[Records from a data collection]
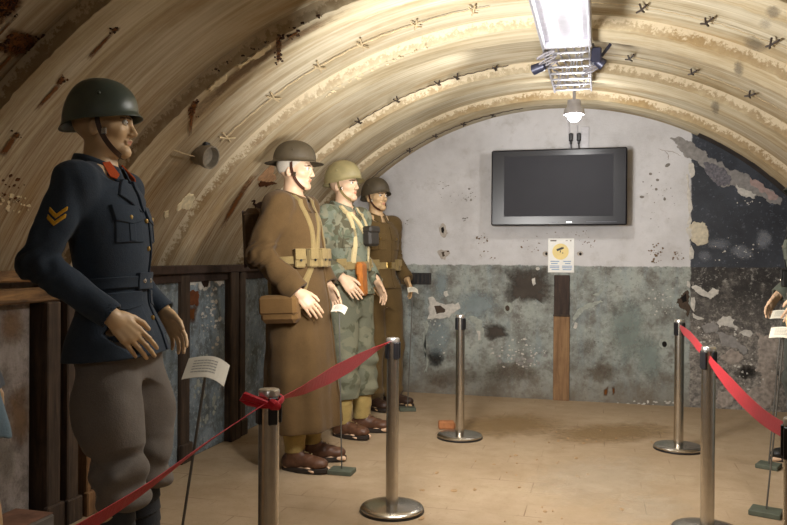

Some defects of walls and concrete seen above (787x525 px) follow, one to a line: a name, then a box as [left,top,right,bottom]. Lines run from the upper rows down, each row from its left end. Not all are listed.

peeling [670,136,782,225]
peeling [504,267,553,314]
spalling [423,291,461,373]
peeling [469,316,548,369]

> TO DO
None of the pictures belongs in the answer, but all the entries must be repeated exactly.

> ANSWER FOR THE TASK
Some defects of walls and concrete seen above (787x525 px) follow, one to a line: a name, then a box as [left,top,right,bottom]. Lines run from the upper rows down, each row from its left end. Not all are listed.

peeling [670,136,782,225]
peeling [504,267,553,314]
spalling [423,291,461,373]
peeling [469,316,548,369]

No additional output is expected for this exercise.